Output the whole listing exactly, except for the pictures in it.
##########
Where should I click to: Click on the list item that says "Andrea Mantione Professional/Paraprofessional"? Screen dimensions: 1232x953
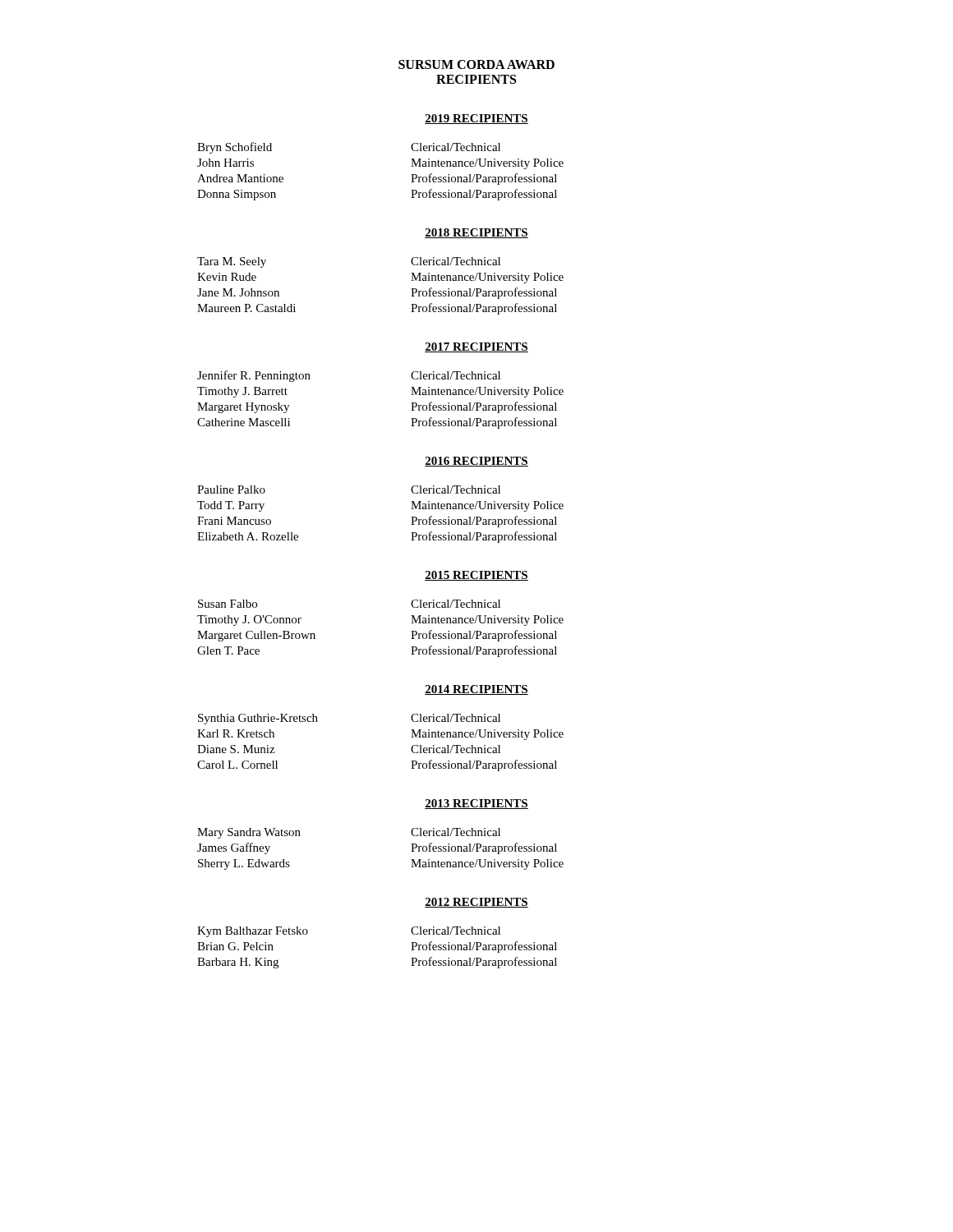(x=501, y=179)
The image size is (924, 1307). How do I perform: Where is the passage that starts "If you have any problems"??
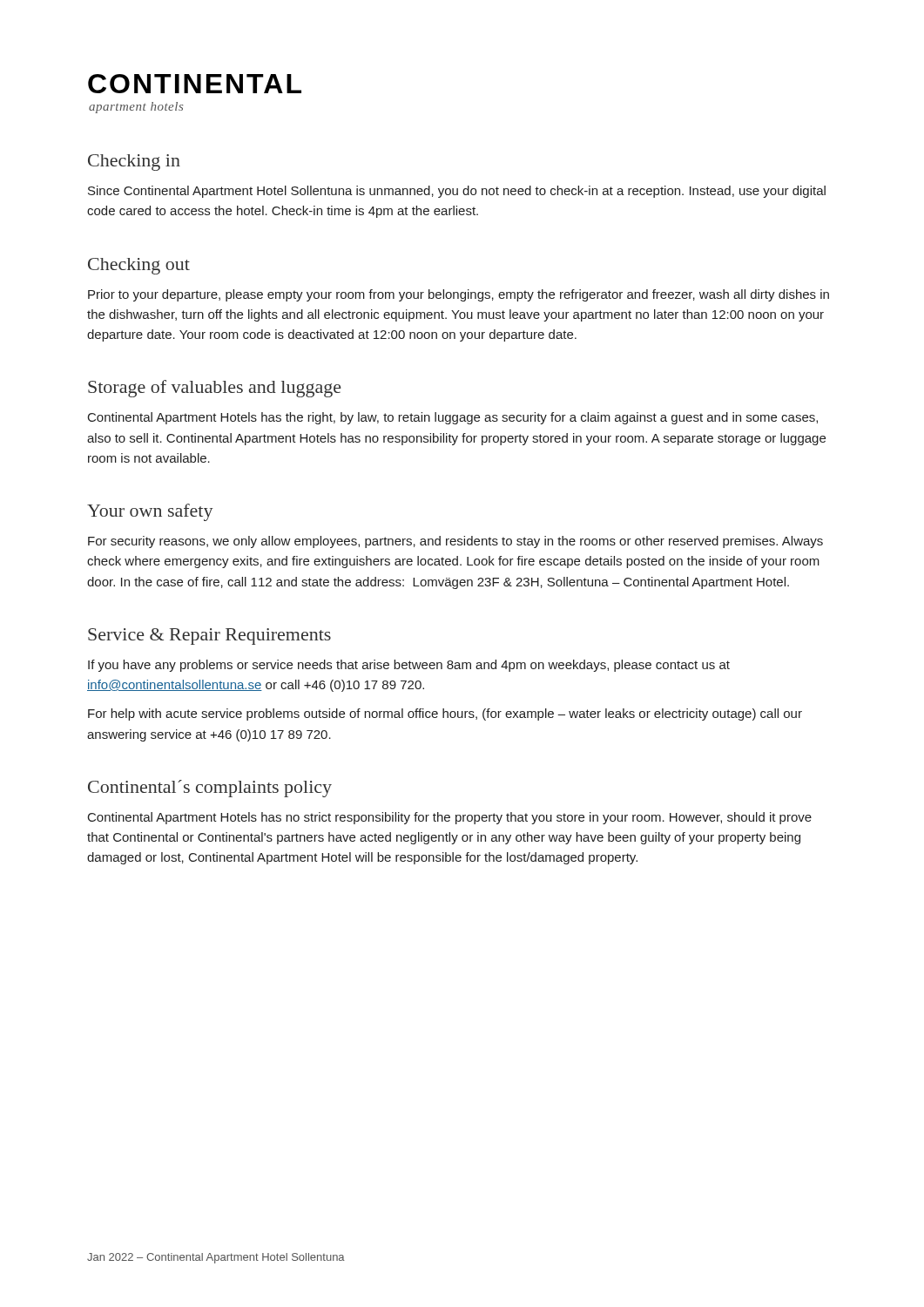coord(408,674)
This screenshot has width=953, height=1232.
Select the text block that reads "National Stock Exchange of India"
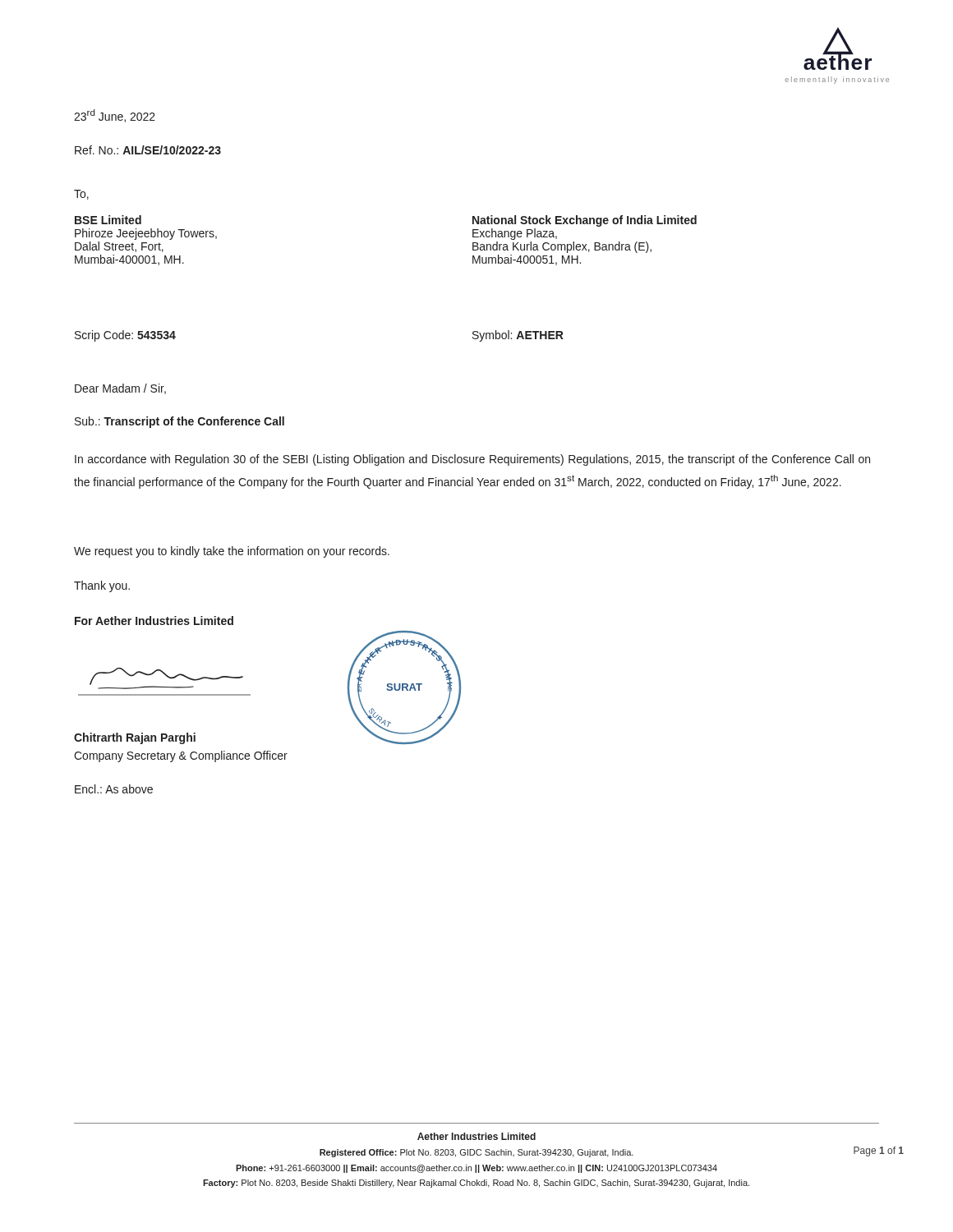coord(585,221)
##########
◆ **Task solution**
Where should I click to: Click on the list item that says "Andrea Mantione Professional/Paraprofessional"? Screen dimensions: 1232x953
(x=501, y=179)
The image size is (924, 1307). How do I perform: Where is the passage that starts "If you have any problems"??
coord(408,674)
This screenshot has width=953, height=1232.
Select the text block that reads "National Stock Exchange of India"
coord(585,221)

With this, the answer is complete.